Но от Заячьего до Обводного
Фонари горят, фонари.
В свете тусклом, больном, неотчетливом
Чье-то лето, его не вернуть.
И над северными болотами
Небо черное, черная ртуть,
Город черный с оттенками серого,
Мир всеобщей большой нелюбви.
И не знаю я, что бы мы делали,
Если б рухнули и фонари.
Ланцелот
Бессильные перед лицом врага,
Готовые открыть свои ворота,
Отдать себя кровавым их богам...
Мы ждем, однако ж, скоро Ланцелота.
Бесстрашный, он придет и всех спасет,
Решительной рукой убьет дракона.
Но не идет чего-то Ланцелот,
И на главе у чудища корона
Не спадет.
Увяз быть может где-то под Москвой,
Напился и ночлежке завалялся,
Или неблагодарности людской
Он, Шварца прочитав, перепугался...
Ну не идет проклятый Ланцелот,
Не слуху о нем, в общем-то, ни духу,
Лишь где-то бабка с яйцами бредет,
Или с косой, коварная старуха.
Ну не идет, проклятый. Вот урод!
Но мы все ждем, а вдруг сейчас придет!
Воистину блаженна наша вера.
Придет, но только вот не Ланцелот.
Давно пора ждать в гости Люцифера.
Придет, сметет уставший этот мир,
Свершит добро впервые, напоследок.
Тогда спадет ничтожный наш кумир,
И явится его великий предок,
И упадет кровавая звезда,
И сын волков родится у кого-то...
И вот тогда поймем мы, лишь тогда,
То, что напрасно ждали Ланцелота.
Тонко
Она была так хороша, так нежна, но вот те на: она была чужая чья-то жена, осуждена, больна, безумна, обречена, как вся страна, в которой долго назревала война, и вот она. А он был для нее слишком плох: дурак и лох, и как он там растил двоих своих крох, то знает Бог, а как он сам еще выживал, никто не знал. Он не был добр, его звериный оскал все выдавал. Сто лет назад еще супруга была, вон родила, намучалась, потом другого нашла и с ним ушла. А он остался в коммуналке один среди картин, обоев рваных, ярких витрин, где магазин, в котором его знал продавец, тот сам отец, уже полгода безутешный вдовец, врачи сказали, что не жилец, и он старается приблизить конец, за стопейсят бутылка и огурец, он молодец. Настало время возвращаться к любви. Ну познакомились неважно как, и..... Герой, короче, все, что надо, узнал, ее послал. Купил бутылку и пошел на войну, зачем-то нужно брать чужую страну, ее отправил к мужу, тот оставил одну за всю вину. Приняв вину, вино, купив молока в том магазине у того мужика, она уплыла далеко в облака, сказав пока.

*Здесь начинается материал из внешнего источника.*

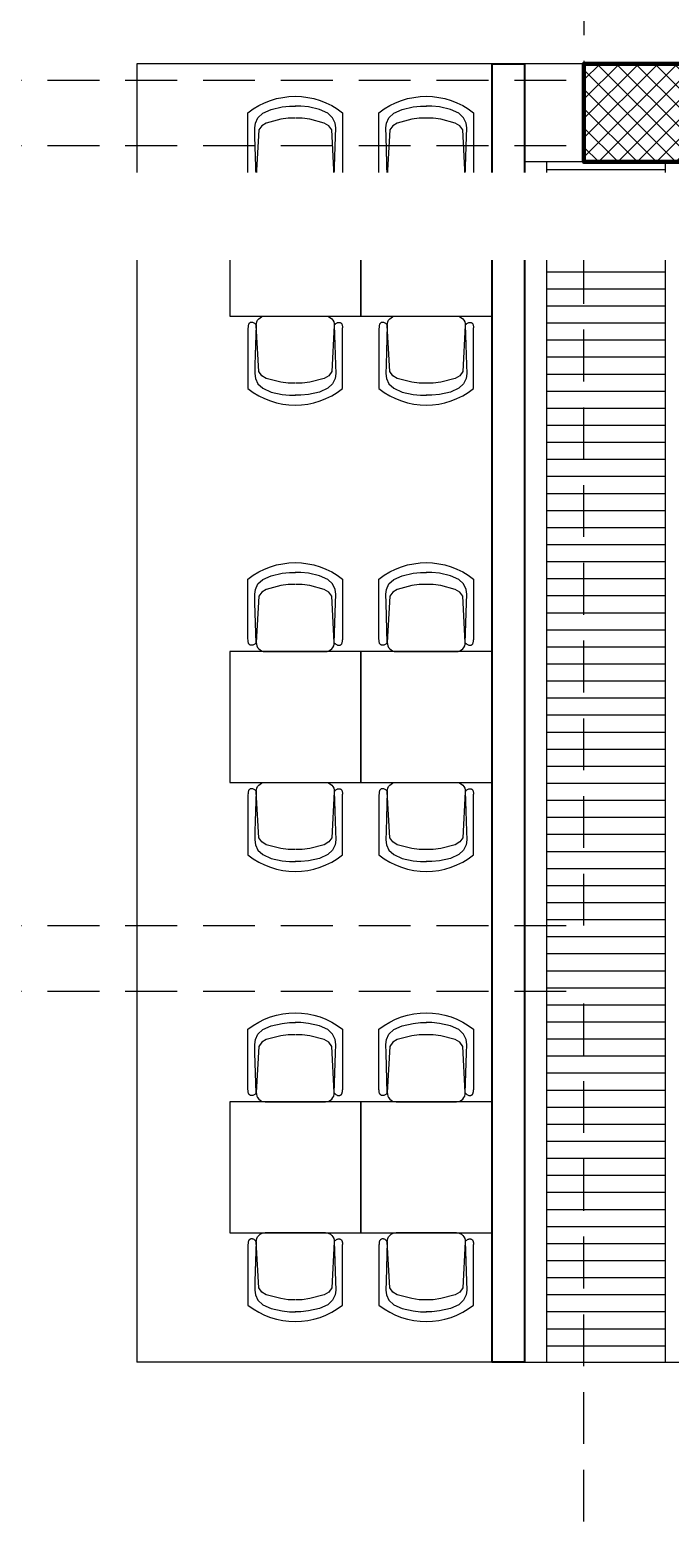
# Model space of a CAD drawing. Header units: inches. Extents: x 704 to 259546, y -107711 to 151004.
# Tile 119 of 243: x 127405 to 127522, y 21056 to 21333. Entities that reach past the tile are written whole.
import ezdxf

# ---------------------------------------------------------------- set-up
doc = ezdxf.new("R2010")
doc.units = ezdxf.units.IN
doc.header["$MEASUREMENT"] = 0
doc.linetypes.add('HIDDEN', pattern=[0.375, 0.25, -0.125])
for name, color, linetype, lineweight in [('EQUIP DIM', 8, 'Continuous', 0), ('EQUIPMENT', 3, 'Continuous', 25), ('PD_COLUMN', 2, 'Continuous', 60), ('PD_ELEVATION_03', 80, 'Continuous', 25), ('PD_FURNITURE_LOOSE', 20, 'Continuous', 18), ('PD_HATCH', 45, 'Continuous', 9), ('PP-TEXT', 7, 'Continuous', 40)]:
    doc.layers.add(name, color=color, linetype=linetype, lineweight=lineweight)
doc.layers.add('PP BALL VALVE', color=7, linetype='Continuous')
doc.styles.get("Standard").update_dxf_attribs({"font": 'arial.ttf', "height": 6})

# ---------------------------------------------------------------- blocks, each defined once
blk = doc.blocks.new('columns2')
at = {"layer": 'PD_HATCH'}
h = blk.add_hatch(dxfattribs=at)
h.set_pattern_fill('ANSI37', color=8, scale=20)
h.paths.add_polyline_path([(387, -250), (387, -268), (369, -268), (369, -250)])
h.paths.add_polyline_path([(18, 0), (18, -15), (0, -15), (0, 0)])
h.paths.add_polyline_path([(18, -828), (18, -813), (0, -813), (0, -828)])
h.paths.add_polyline_path([(201, -870), (186, -870), (186, -888), (201, -888)])
h.paths.add_polyline_path([(570, -870), (555, -870), (555, -888), (570, -888)])
h.paths.add_polyline_path([(754.5, -870), (739.5, -870), (739.5, -888), (754.5, -888)])
h.paths.add_polyline_path([(934.5, -870), (919.5, -870), (919.5, -888), (934.5, -888)])
h.paths.add_polyline_path([(385.5, -870), (370.5, -870), (370.5, -888), (385.5, -888)])
h.paths.add_polyline_path([(201, 42), (186, 42), (186, 60), (201, 60)])
h.paths.add_polyline_path([(387, -578), (387, -560), (369, -560), (369, -578)])
h.paths.add_polyline_path([(1116, -731.5), (1116, -716.5), (1098, -716.5), (1098, -731.5)])
h.paths.add_polyline_path([(1116, -111.5), (1116, -96.5), (1098, -96.5), (1098, -111.5)])
h.paths.add_polyline_path([(1116, -561.5), (1116, -576.5), (1098, -576.5), (1098, -561.5)])
h.paths.add_polyline_path([(1116, -251.5), (1116, -266.5), (1098, -266.5), (1098, -251.5)])
h.paths.add_polyline_path([(0, -731.5), (0, -716.5), (18, -716.5), (18, -731.5)])
h.paths.add_polyline_path([(0, -111.5), (0, -96.5), (18, -96.5), (18, -111.5)])
h.paths.add_polyline_path([(0, -406.5), (0, -421.5), (18, -421.5), (18, -406.5)])
h.paths.add_polyline_path([(0, -561.5), (0, -576.5), (18, -576.5), (18, -561.5)])
h.paths.add_polyline_path([(0, -251.5), (0, -266.5), (18, -266.5), (18, -251.5)])
h.paths.add_polyline_path([(993, -111.5), (993, -99.5), (984, -99.5), (984, -111.5)])
h.paths.add_polyline_path([(993, -189.5), (993, -201.5), (984, -201.5), (984, -189.5)])
h.paths.add_polyline_path([(903, -111.5), (903, -99.5), (912, -99.5), (912, -111.5)])
h.paths.add_polyline_path([(903, -189.5), (903, -201.5), (912, -201.5), (912, -189.5)])
h.paths.add_polyline_path([(75, -870), (60, -870), (60, -888), (75, -888)])
h.paths.add_polyline_path([(1116, -870), (1101, -870), (1101, -888), (1116, -888)])
h.paths.add_polyline_path([(75, 42), (60, 42), (60, 60), (75, 60)])
h.paths.add_polyline_path([(570, 42), (555, 42), (555, 60), (570, 60)])
h.paths.add_polyline_path([(754.5, 42), (739.5, 42), (739.5, 60), (754.5, 60)])
h.paths.add_polyline_path([(934.5, 42), (919.5, 42), (919.5, 60), (934.5, 60)])
h.paths.add_polyline_path([(385.5, 42), (370.5, 42), (370.5, 60), (385.5, 60)])
h.paths.add_polyline_path([(1116, 42), (1101, 42), (1101, 60), (1116, 60)])
h.paths.add_polyline_path([(738, -250), (738, -268), (756, -268), (756, -250)])
h.paths.add_polyline_path([(756, -578), (756, -560), (738, -560), (738, -578)])
at = {"layer": 'PD_COLUMN', "color": 8}
blk.add_lwpolyline([(387, -250), (387, -268), (369, -268), (369, -250)], close=True, dxfattribs=at)
at = {"layer": 'PD_HATCH', "color": 8, "linetype": 'HIDDEN', "ltscale": 38}
for p, q in [((369, -107), (369, -250)), ((199.5, -253), (369, -253)), ((199.5, -265), (369, -265)), ((369, -408), (369, -268)), ((199.5, -408), (369, -408)), ((199.5, -420), (369, -420)), ((369, -560), (369, -420))]:
    blk.add_line(p, q, dxfattribs=at)
blk = doc.blocks.new('A$C57124B3B')
at = {"color": 8}
for p, q in [((45.6, 504.4), (45.6, 108.7)), ((664.8, 108.7), (664.8, 505.8))]:
    blk.add_line(p, q, dxfattribs=at)
for points in [[(100.1, 525.3), (95.1, 530.4), (90.5, 534.4), (86, 537.4), (81.9, 539.5), (78.1, 540.8), (74.6, 541.6), (71.3, 541.8), (68.3, 541.7), (65.6, 541.4), (63.1, 540.9), (60.9, 540.1), (58.9, 539.2), (57, 538), (55.4, 536.7), (53.9, 535.2), (52.5, 533.5), (51.2, 531.6), (50.1, 529.3), (49, 526.2), (47.9, 521.9), (47, 516.3), (46.1, 509.1), (45.8, 505.8)], [(100.1, 525.3), (91.7, 265), (90, 207.1), (95.2, 175.5), (111, 140.4), (142.7, 110.5), (197.1, 85.9), (269.1, 70.1), (318.3, 64.9), (356.9, 64.9)], [(610.4, 525.3), (618.8, 265), (620.6, 207.1), (615.3, 175.5), (599.5, 140.4), (567.9, 110.5), (513.4, 85.9), (441.4, 70.1), (392.2, 64.9), (353.6, 64.9)], [(610.4, 525.3), (615.4, 530.4), (620.1, 534.4), (624.5, 537.4), (628.6, 539.5), (632.4, 540.8), (636, 541.6), (639.2, 541.8), (642.2, 541.7), (644.9, 541.4), (647.4, 540.9), (649.6, 540.1), (651.7, 539.2), (653.5, 538), (655.1, 536.7), (656.6, 535.2), (658, 533.5), (659.3, 531.6), (660.5, 529.3), (661.5, 526.2), (662.6, 521.9), (663.5, 516.3), (664.4, 509.1), (664.8, 505.8)]]:
    blk.add_lwpolyline(points, dxfattribs=at)
blk.add_lwpolyline([(353.4, 143.9), (309.5, 143.9), (260.3, 150.9), (165.5, 175.5), (135.6, 193), (116.3, 221.1), (100.2, 522.3, -0.429937), (157.5, 582.7), (552.9, 582.7, -0.429937), (610.2, 522.3), (594.1, 221.1), (574.7, 193), (544.9, 175.5), (450, 150.9), (400.9, 143.9), (356.9, 143.9)], format="xyb", dxfattribs=at)
blk.add_arc((355.2, 498.7), 498, 231.56297, 308.43703, dxfattribs=at)
blk = doc.blocks.new('bikanervala')
at = {"layer": 'EQUIP DIM', "color": 8, "char_height": 45.72, "attachment_point": 1}
for s, insert, width in [('\\A1;\\pi8.1039;{\\H1.2222x;\\C256;Under Counter Ref. \\P\\pi103.3;(0-4°) with SS \\P\\pi23.256;Work Counter Top\\P\\pi25.427;\\H0.81818x;(1350WX700DX850H)}', (1691312.9, 608831.9, 0), 680.172), ('\\A1;\\pi81.28;{\\H1.2222x;\\C256;Dosa Bain Marie \\P\\pi68.279;\\H0.81818x;(600WX700DX850H)}', (1692969.5, 608509.8), 730.345), ('\\A1;\\pi114.76;{\\H1.2222x;\\C256;SS Work Plate \\P\\pi68.274;\\H0.81818x;(450WX700DX850H)}', (1690344.2, 608372.7), 730.345), ('\\A1;\\pi160.03;{\\H1.2222x;\\C256;Idli Steamer \\P\\pi68.274;\\H0.81818x;(500WX450DX400H)}', (1691246.3, 608244.3, -0.1), 730.345), ('\\A1;\\pi88.746;{\\H1.2222x;\\C256;Chaat & Snacks \\P\\pi124.35;Work Counter\\P\\pi13.896;with \\H0.7x;\\S1#6;\\H1.4286x;x6, \\H0.7x;\\S1#9;\\H1.4286x;X9, \\H0.7x;\\S1#3;\\H1.4286x;X3, \\P\\pi142.45;\\H0.7x;\\S1#2;\\H1.4286x;X2 GN Pan\\H0.81818x;\\P\\pi50.515;(1500WX700DX850H)}', (1692963.9, 607791), 730.345), ('\\A1;\\pi223.07;{\\H1.2222x;\\C256;RO Sink\\P\\pi68.274;\\H0.81818x;(600WX700DX850H)}', (1691293.8, 607165.8, 0), 730.345), ('\\A1;\\pi114.76;{\\H1.2222x;\\C256;SS Work Plate \\P\\pi68.274;\\H0.81818x;(450WX700DX850H)}', (1690316.4, 606727), 730.345), ('\\pi162.75;{\\H1.2222x;\\C256;Bhalla & \\P\\pi63.013;golgappa pani \\P\\pi15.652;packing machine}', (1691480.1, 606487.3), 608.742), ('\\A1;\\pi163.51;{\\H1.2222x;\\C256;SS Partition}', (1690316.4, 606419.5), 730.345), ('\\pi115.45;{\\H1.2222x;\\C256;FDU for CHAT \\P\\pi15.027;Counter (WARMER)\\P\\pi4.5452;with white Corian top\\P\\pi50.514;\\H0.81818x;(900WX665DX1235H)}', (1692965.7, 606267.4), 730.345), ('\\pi135.52;{\\H1.2222x;\\C256;POS Counter\\P\\pi4.5452;with white Corian top\\H0.81818x;\\P\\pi50.514;(1200WX710DX950H)}', (1693021.4, 605647.7), 730.345), ('\\pi131.01;{\\H1.2222x;\\C256;POS Machine}', (1693020.9, 605295.8, 1860.2), 734.367), ('\\pi159.9;{\\H1.5714x;\\C256;Visi cooler\\P\\pi77.195;\\H0.63636x;(580WX620DX1800H)}', (1691282.2, 604805.3), 783.707)]:
    blk.add_mtext(s, dxfattribs=dict(at, insert=insert, width=width))
blk = doc.blocks.new('GF')
at = {"layer": 'PD_HATCH'}
h = blk.add_hatch(dxfattribs=at)
h.set_pattern_fill('ANSI31', color=8, scale=25, angle=135)
h.set_pattern_definition([(180, (-14275.403, 3847.8815), (-2e-16, -3.125), [])])
h.paths.add_polyline_path([(127521.3, 21308.64), (127506.35, 21308.64), (127499.48, 21308.64), (127499.48, 21088.64), (127521.3, 21088.64)])
at = {"layer": 'PD_ELEVATION_03', "color": 8, "linetype": 'Continuous', "ltscale": 10}
for p, q in [((127489.48, 21326.64), (127489.48, 21088.64)), ((127489.48, 21326.64), (127495.48, 21326.64)), ((127495.48, 21326.64), (127495.48, 21088.64)), ((127495.48, 21088.64), (127489.48, 21088.64))]:
    blk.add_line(p, q, dxfattribs=at)
at = {"layer": 'PD_FURNITURE_LOOSE', "color": 8}
for p, q in [((127489.48, 21326.64), (127424.48, 21326.64)), ((127424.48, 21326.64), (127424.48, 21088.64)), ((127506.35, 21326.64), (127495.48, 21326.64)), ((127489.48, 21088.64), (127424.48, 21088.64)), ((127521.3, 21088.64), (127885.66, 21088.64))]:
    blk.add_line(p, q, dxfattribs=at)
at = {"layer": 'PD_FURNITURE_LOOSE', "color": 8, "lineweight": 9}
for p, q in [((127506.35, 21308.64), (127495.48, 21308.64)), ((127499.48, 21308.64), (127499.48, 21088.55)), ((127521.3, 21088.64), (127521.3, 21308.64)), ((127495.48, 21088.64), (127521.3, 21088.64))]:
    blk.add_line(p, q, dxfattribs=at)
at = {"layer": 'PD_FURNITURE_LOOSE', "color": 8}
for points in [[(127465.48, 21304.36), (127441.48, 21304.36), (127441.48, 21280.36), (127465.48, 21280.36), (127465.48, 21304.36)], [(127489.48, 21304.36), (127465.48, 21304.36), (127465.48, 21280.36), (127489.48, 21280.36), (127489.48, 21304.36)], [(127465.48, 21218.89), (127441.48, 21218.89), (127441.48, 21194.89), (127465.48, 21194.89), (127465.48, 21218.89)], [(127489.48, 21218.89), (127465.48, 21218.89), (127465.48, 21194.89), (127489.48, 21194.89), (127489.48, 21218.89)], [(127465.48, 21136.36), (127441.48, 21136.36), (127441.48, 21112.36), (127465.48, 21112.36), (127465.48, 21136.36)], [(127489.48, 21136.36), (127465.48, 21136.36), (127465.48, 21112.36), (127489.48, 21112.36), (127489.48, 21136.36)]]:
    blk.add_lwpolyline(points, dxfattribs=at)
at = {"layer": 'EQUIPMENT', "color": 8, "xscale": 0.03935404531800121, "yscale": 0.03935404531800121, "zscale": 0.03935404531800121}
blk.add_blockref('bikanervala', (60698.88, -2623.78), dxfattribs=at)
at = {"layer": 'PD_COLUMN', "color": 8}
blk.add_blockref('columns2', (127137.35, 21576.64), dxfattribs=at)
at = {"layer": 'PD_FURNITURE_LOOSE', "color": 8, "extrusion": (0, 0, -1), "xscale": 0.02800229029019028, "yscale": 0.02800229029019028, "zscale": -0.02800229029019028, "rotation": 180}
for p in [(-127443.53, 21320.68), (-127467.53, 21320.68), (-127443.53, 21235.2), (-127467.53, 21235.2), (-127443.53, 21152.68), (-127467.53, 21152.68)]:
    blk.add_blockref('A$C57124B3B', p, dxfattribs=at)
at = {"layer": 'PD_FURNITURE_LOOSE', "color": 8, "xscale": 0.02800229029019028, "yscale": 0.02800229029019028, "zscale": 0.02800229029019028}
for p in [(127443.53, 21264.05), (127467.53, 21264.05), (127443.53, 21178.57), (127467.53, 21178.57), (127443.53, 21096.05), (127467.53, 21096.05)]:
    blk.add_blockref('A$C57124B3B', p, dxfattribs=at)

msp = doc.modelspace()

# ---------------------------------------------------------------- block references
at = {"lineweight": 53}
msp.add_blockref('GF', (0, 0), dxfattribs=at)

# ---------------------------------------------------------------- next in the draw order: texts
at = {"layer": 'PP-TEXT', "insert": (128298.688, 21305.186, 916.47), "char_height": 3, "width": 941.78476, "attachment_point": 3, "bg_fill": 2}
msp.add_mtext('{\\fTimes New Roman|b0|i0|c0|p34; \\PØ75MM WWP\\PSLOPE 1:80}', dxfattribs=at)

# ---------------------------------------------------------------- next in the draw order: linework, layer by layer
at = {"layer": 'PP BALL VALVE', "lineweight": 53}
msp.add_circle((130061.482, 21646.646), 129357.588, dxfattribs=at)

doc.saveas('drawing.dxf')

И растворился в придорожной пыли весь этот сон о погибшей любви. Но суть-то в том, что у священной земли есть корабли, права Диана, но, плыви-не плыви, ты все равно окажешься на мели, и нет пути из той священной земли, и нет альтернативной любви, да и не надо, потому и не рви. Тонко.
***
Сначала - звук, никак иначе,
Без звука нет ничего нового,
Но звук один немного значит,
И после звука было слово,
Потом слова сложились в строчки,
Добавлен перечень имен...
В конце всего - большая точка,
И этот мир был сочинен,
Потом прекрасно зарифмован,
Прошел через цензуру с боем,
И после был опубликован
На первой полосе Плейбоя,
Среди красоток безупречных
И в безупречных туалетах.
Плейбой потребен, статус вечен,
Перефразируя поэта.
Мы этот вечный стих читаем
На протяжении всей жизни,
И вдруг случайно замечаем,
Что в этой строчке нету рифмы.
Одна, всего одна оплошность,
Цензуры ль требованье это,
Бессмысленной, жестокой, пошлой,
Висящей вечно над Поэтом?..
Мы это не сейчас узнали,
И это стало нам судьбою:
Забыли, не зарифмовали
В соседних строчках нас с тобою,
И вот висим вдвоем в пространстве
И портим общую картину.
Нас удалят за хулиганство,
Таких хороших и невинных.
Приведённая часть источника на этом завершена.